A cheap, high-recall “verify, don’t claim” hook should make a capable model resolve a paradox it would otherwise walk past — and the lift should be largest where the base model is weakest.
The probe is the carwalk riddle: “I need to wash my car. The carwash is only 50 m away. Walk or drive?” Trivially, 50 m is a walk — but the car is the thing being washed, so it has to make the trip. The right answer is drive.

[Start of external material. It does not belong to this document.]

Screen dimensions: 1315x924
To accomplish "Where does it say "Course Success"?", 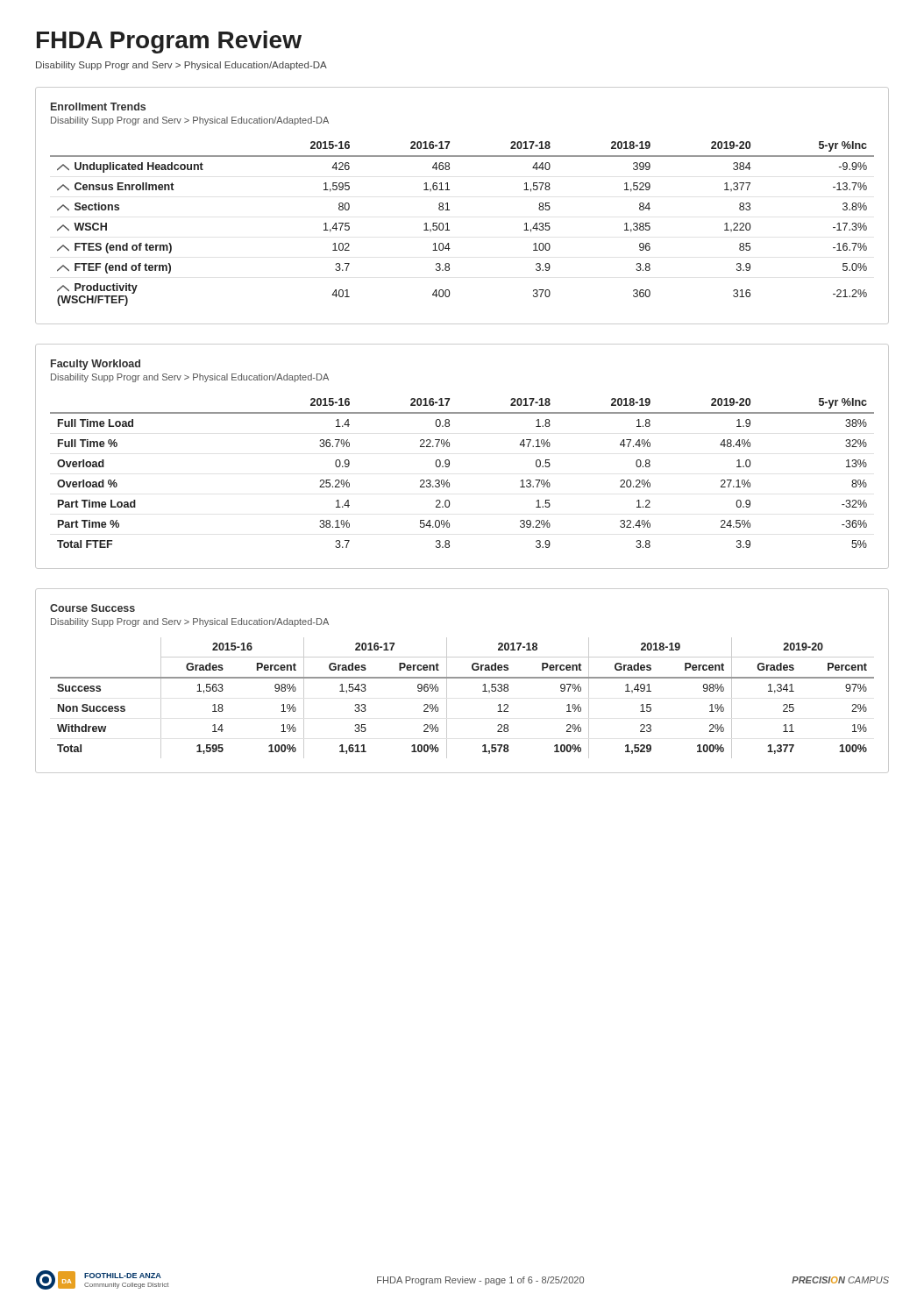I will tap(93, 608).

Four cells — {opus 4.7, opus 4.8} × {bare, +🔎悖论? hook} — each run n=20 in fresh sessions through freshclaude on the real harness, the hook being freshclaude’s own default system prompt. Every answer was hand-graded by reading it (no keyword classifier — that is what produced the retracted number). Strict grading: a punt to “which kind of wash is it?” counts as not caught.
| base | bare | + 悖论? hook | lift |
|---|---|---|---|
| opus 4.7 | 20% / 55% | 63% / 95% | +43 / +40 |
| opus 4.8 | 90% / 100% | 95% / 100% | +5 / +0 |
Convention-robust: bare models do miss the paradox (4.7 badly), so “the capability is in the weights” is false. The dumb hook gives a large lift on the weak base (4.7: +43 pts) and a near-zero lift on the strong one (4.8 sits near ceiling). That is the “opus + dumb hook is much smarter” effect — strongest exactly where the model is weakest, the hook standing in for calibration the stronger model has already internalized.
The static code-review bench that came before this floored at zero victory-errors across 64 trials — the failure mode does not occur in short, well-specified review, so that instrument could not test the claim at all. And the only premature-victory event in the whole study was the evaluator’s, not the models’.